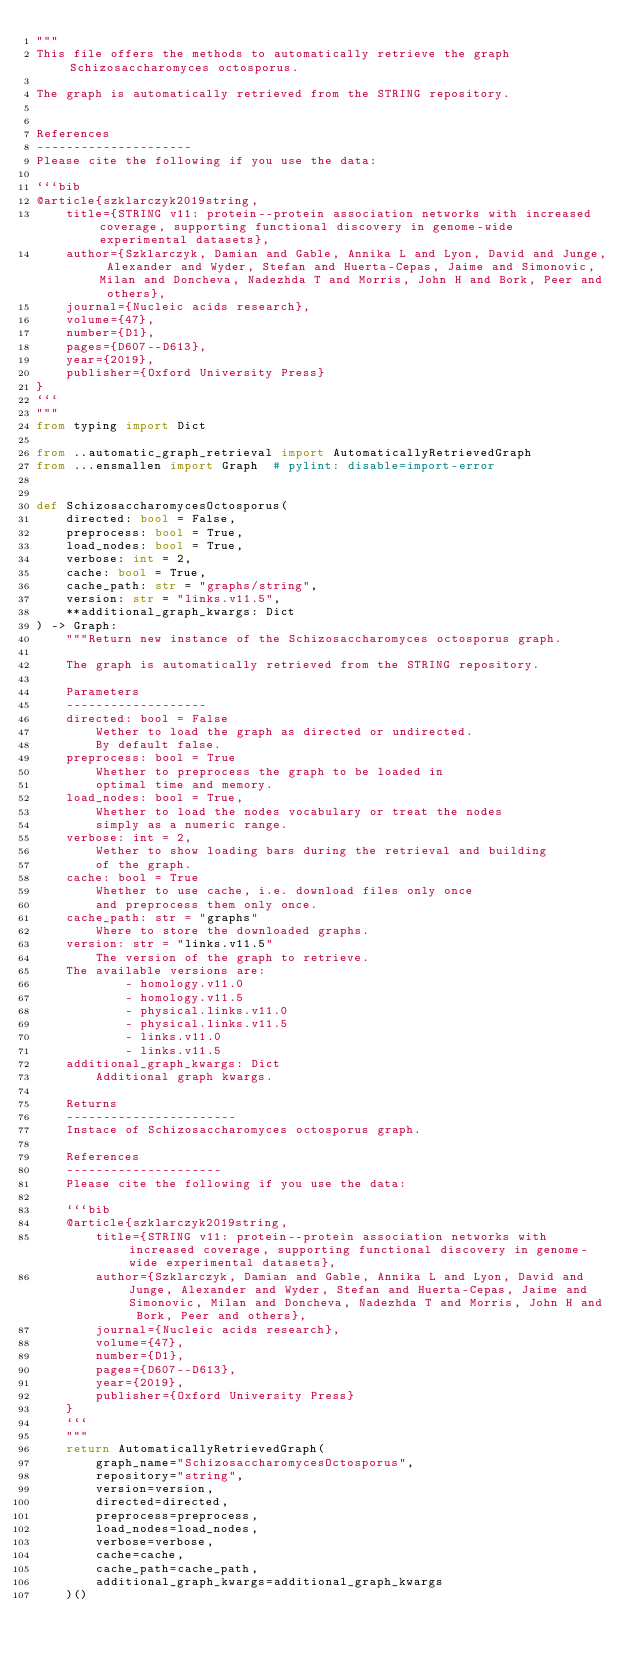Convert code to text. <code><loc_0><loc_0><loc_500><loc_500><_Python_>"""
This file offers the methods to automatically retrieve the graph Schizosaccharomyces octosporus.

The graph is automatically retrieved from the STRING repository. 


References
---------------------
Please cite the following if you use the data:

```bib
@article{szklarczyk2019string,
    title={STRING v11: protein--protein association networks with increased coverage, supporting functional discovery in genome-wide experimental datasets},
    author={Szklarczyk, Damian and Gable, Annika L and Lyon, David and Junge, Alexander and Wyder, Stefan and Huerta-Cepas, Jaime and Simonovic, Milan and Doncheva, Nadezhda T and Morris, John H and Bork, Peer and others},
    journal={Nucleic acids research},
    volume={47},
    number={D1},
    pages={D607--D613},
    year={2019},
    publisher={Oxford University Press}
}
```
"""
from typing import Dict

from ..automatic_graph_retrieval import AutomaticallyRetrievedGraph
from ...ensmallen import Graph  # pylint: disable=import-error


def SchizosaccharomycesOctosporus(
    directed: bool = False,
    preprocess: bool = True,
    load_nodes: bool = True,
    verbose: int = 2,
    cache: bool = True,
    cache_path: str = "graphs/string",
    version: str = "links.v11.5",
    **additional_graph_kwargs: Dict
) -> Graph:
    """Return new instance of the Schizosaccharomyces octosporus graph.

    The graph is automatically retrieved from the STRING repository.	

    Parameters
    -------------------
    directed: bool = False
        Wether to load the graph as directed or undirected.
        By default false.
    preprocess: bool = True
        Whether to preprocess the graph to be loaded in 
        optimal time and memory.
    load_nodes: bool = True,
        Whether to load the nodes vocabulary or treat the nodes
        simply as a numeric range.
    verbose: int = 2,
        Wether to show loading bars during the retrieval and building
        of the graph.
    cache: bool = True
        Whether to use cache, i.e. download files only once
        and preprocess them only once.
    cache_path: str = "graphs"
        Where to store the downloaded graphs.
    version: str = "links.v11.5"
        The version of the graph to retrieve.		
	The available versions are:
			- homology.v11.0
			- homology.v11.5
			- physical.links.v11.0
			- physical.links.v11.5
			- links.v11.0
			- links.v11.5
    additional_graph_kwargs: Dict
        Additional graph kwargs.

    Returns
    -----------------------
    Instace of Schizosaccharomyces octosporus graph.

	References
	---------------------
	Please cite the following if you use the data:
	
	```bib
	@article{szklarczyk2019string,
	    title={STRING v11: protein--protein association networks with increased coverage, supporting functional discovery in genome-wide experimental datasets},
	    author={Szklarczyk, Damian and Gable, Annika L and Lyon, David and Junge, Alexander and Wyder, Stefan and Huerta-Cepas, Jaime and Simonovic, Milan and Doncheva, Nadezhda T and Morris, John H and Bork, Peer and others},
	    journal={Nucleic acids research},
	    volume={47},
	    number={D1},
	    pages={D607--D613},
	    year={2019},
	    publisher={Oxford University Press}
	}
	```
    """
    return AutomaticallyRetrievedGraph(
        graph_name="SchizosaccharomycesOctosporus",
        repository="string",
        version=version,
        directed=directed,
        preprocess=preprocess,
        load_nodes=load_nodes,
        verbose=verbose,
        cache=cache,
        cache_path=cache_path,
        additional_graph_kwargs=additional_graph_kwargs
    )()
</code> 
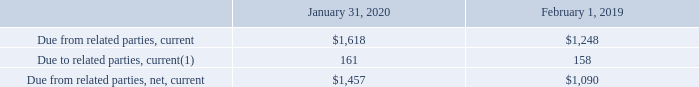Due To/From Related Parties, Net
Amounts due to and from related parties, net as of the periods presented consisted of the following (table in millions):
(1) Includes an immaterial amount related to the Company’s current operating lease liabilities due to related parties as of January 31, 2020.
The Company also recognized an immaterial amount related to non-current operating lease liabilities due to related parties. This amount has been included in operating lease liabilities on the consolidated balance sheet as of January 31, 2020.
What did the current amounts due to related parties include? An immaterial amount related to the company’s current operating lease liabilities due to related parties as of january 31, 2020. What was the current amount due from related parties in 2019?
Answer scale should be: million. 1,248. Which years does the table provide information for net Amounts due to and from related parties? 2020, 2019. How many years did current amount due from related parties exceed $1,000 million? 2020##2019
Answer: 2. What was the change in current amount due to related parties between 2019 and 2020?
Answer scale should be: million. 161-158
Answer: 3. What was the percentage change in the net current amount due from related parities between 2019 and 2020?
Answer scale should be: percent. (1,457-1,090)/1,090
Answer: 33.67. Due To/From Related Parties, Net
Amounts due to and from related parties, net as of the periods presented consisted of the following (table in millions):
(1) Includes an immaterial amount related to our current operating lease liabilities due to related parties as of January 31, 2020.
We also recognized an immaterial amount related to non-current operating lease liabilities due to related parties. This amount has been included in operating lease liabilities on the consolidated balance sheet as of January 31, 2020.
Amounts included in due from related parties, net, excluding DFS and tax obligations, includes the current portion of amounts due to and due from related parties. Amounts included in due from related parties, net are generally settled in cash within 60 days of each quarter-end.
What did amounts due to related parties, current include? An immaterial amount related to our current operating lease liabilities due to related parties as of january 31, 2020. What was the amount due to related parties, current in 2020?
Answer scale should be: million. 161. What was the amount due from related parties, net, current in 2019?
Answer scale should be: million. 1,090. What was the change in the current amount due from related parties between 2019 and 2020?
Answer scale should be: million. 1,618-1,248
Answer: 370. How many years did current amounts due to related parties exceed $100 million? 2020##2019
Answer: 2. What was the percentage change in the current net amount due from related parties between 2019 and 2020?
Answer scale should be: percent. (1,457-1,090)/1,090
Answer: 33.67. 
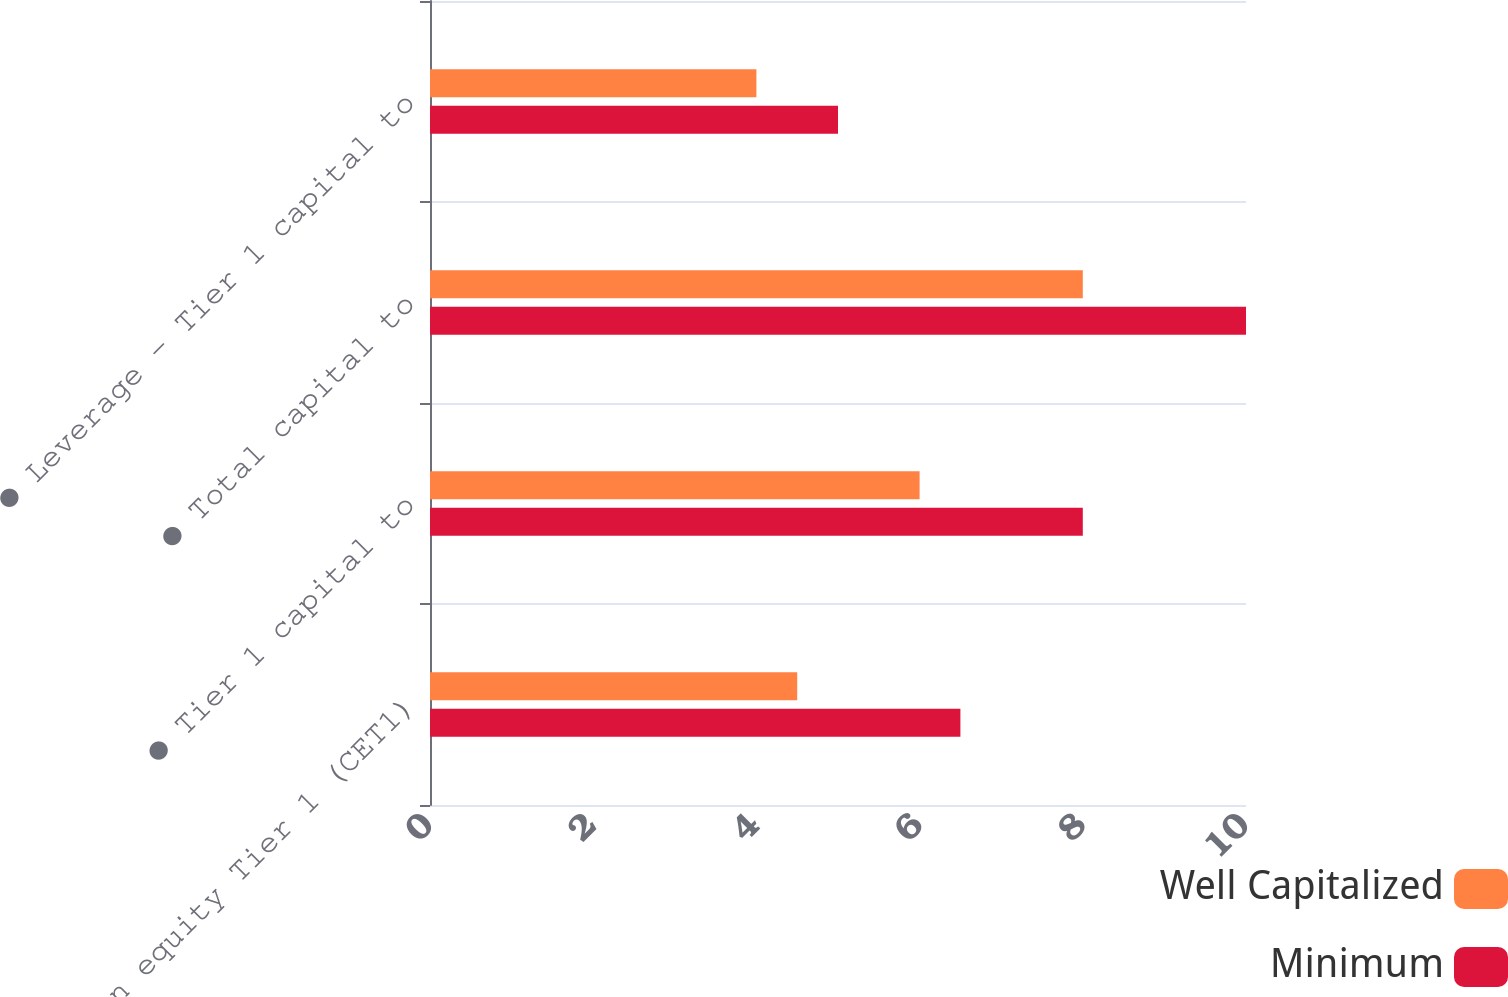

- - - -

WHAT TO WORK ON >> Would you return the entries verbatim, minus any images?

ANSWER TO THIS EXERCISE >>
Convert code to text. <code><loc_0><loc_0><loc_500><loc_500><_Python_>"""
This file offers the methods to automatically retrieve the graph Schizosaccharomyces octosporus.

The graph is automatically retrieved from the STRING repository. 


References
---------------------
Please cite the following if you use the data:

```bib
@article{szklarczyk2019string,
    title={STRING v11: protein--protein association networks with increased coverage, supporting functional discovery in genome-wide experimental datasets},
    author={Szklarczyk, Damian and Gable, Annika L and Lyon, David and Junge, Alexander and Wyder, Stefan and Huerta-Cepas, Jaime and Simonovic, Milan and Doncheva, Nadezhda T and Morris, John H and Bork, Peer and others},
    journal={Nucleic acids research},
    volume={47},
    number={D1},
    pages={D607--D613},
    year={2019},
    publisher={Oxford University Press}
}
```
"""
from typing import Dict

from ..automatic_graph_retrieval import AutomaticallyRetrievedGraph
from ...ensmallen import Graph  # pylint: disable=import-error


def SchizosaccharomycesOctosporus(
    directed: bool = False,
    preprocess: bool = True,
    load_nodes: bool = True,
    verbose: int = 2,
    cache: bool = True,
    cache_path: str = "graphs/string",
    version: str = "links.v11.5",
    **additional_graph_kwargs: Dict
) -> Graph:
    """Return new instance of the Schizosaccharomyces octosporus graph.

    The graph is automatically retrieved from the STRING repository.	

    Parameters
    -------------------
    directed: bool = False
        Wether to load the graph as directed or undirected.
        By default false.
    preprocess: bool = True
        Whether to preprocess the graph to be loaded in 
        optimal time and memory.
    load_nodes: bool = True,
        Whether to load the nodes vocabulary or treat the nodes
        simply as a numeric range.
    verbose: int = 2,
        Wether to show loading bars during the retrieval and building
        of the graph.
    cache: bool = True
        Whether to use cache, i.e. download files only once
        and preprocess them only once.
    cache_path: str = "graphs"
        Where to store the downloaded graphs.
    version: str = "links.v11.5"
        The version of the graph to retrieve.		
	The available versions are:
			- homology.v11.0
			- homology.v11.5
			- physical.links.v11.0
			- physical.links.v11.5
			- links.v11.0
			- links.v11.5
    additional_graph_kwargs: Dict
        Additional graph kwargs.

    Returns
    -----------------------
    Instace of Schizosaccharomyces octosporus graph.

	References
	---------------------
	Please cite the following if you use the data:
	
	```bib
	@article{szklarczyk2019string,
	    title={STRING v11: protein--protein association networks with increased coverage, supporting functional discovery in genome-wide experimental datasets},
	    author={Szklarczyk, Damian and Gable, Annika L and Lyon, David and Junge, Alexander and Wyder, Stefan and Huerta-Cepas, Jaime and Simonovic, Milan and Doncheva, Nadezhda T and Morris, John H and Bork, Peer and others},
	    journal={Nucleic acids research},
	    volume={47},
	    number={D1},
	    pages={D607--D613},
	    year={2019},
	    publisher={Oxford University Press}
	}
	```
    """
    return AutomaticallyRetrievedGraph(
        graph_name="SchizosaccharomycesOctosporus",
        repository="string",
        version=version,
        directed=directed,
        preprocess=preprocess,
        load_nodes=load_nodes,
        verbose=verbose,
        cache=cache,
        cache_path=cache_path,
        additional_graph_kwargs=additional_graph_kwargs
    )()
</code> 
Due To/From Related Parties, Net
Amounts due to and from related parties, net as of the periods presented consisted of the following (table in millions):
(1) Includes an immaterial amount related to the Company’s current operating lease liabilities due to related parties as of January 31, 2020.
The Company also recognized an immaterial amount related to non-current operating lease liabilities due to related parties. This amount has been included in operating lease liabilities on the consolidated balance sheet as of January 31, 2020.
What did the current amounts due to related parties include? An immaterial amount related to the company’s current operating lease liabilities due to related parties as of january 31, 2020. What was the current amount due from related parties in 2019?
Answer scale should be: million. 1,248. Which years does the table provide information for net Amounts due to and from related parties? 2020, 2019. How many years did current amount due from related parties exceed $1,000 million? 2020##2019
Answer: 2. What was the change in current amount due to related parties between 2019 and 2020?
Answer scale should be: million. 161-158
Answer: 3. What was the percentage change in the net current amount due from related parities between 2019 and 2020?
Answer scale should be: percent. (1,457-1,090)/1,090
Answer: 33.67. Due To/From Related Parties, Net
Amounts due to and from related parties, net as of the periods presented consisted of the following (table in millions):
(1) Includes an immaterial amount related to our current operating lease liabilities due to related parties as of January 31, 2020.
We also recognized an immaterial amount related to non-current operating lease liabilities due to related parties. This amount has been included in operating lease liabilities on the consolidated balance sheet as of January 31, 2020.
Amounts included in due from related parties, net, excluding DFS and tax obligations, includes the current portion of amounts due to and due from related parties. Amounts included in due from related parties, net are generally settled in cash within 60 days of each quarter-end.
What did amounts due to related parties, current include? An immaterial amount related to our current operating lease liabilities due to related parties as of january 31, 2020. What was the amount due to related parties, current in 2020?
Answer scale should be: million. 161. What was the amount due from related parties, net, current in 2019?
Answer scale should be: million. 1,090. What was the change in the current amount due from related parties between 2019 and 2020?
Answer scale should be: million. 1,618-1,248
Answer: 370. How many years did current amounts due to related parties exceed $100 million? 2020##2019
Answer: 2. What was the percentage change in the current net amount due from related parties between 2019 and 2020?
Answer scale should be: percent. (1,457-1,090)/1,090
Answer: 33.67. 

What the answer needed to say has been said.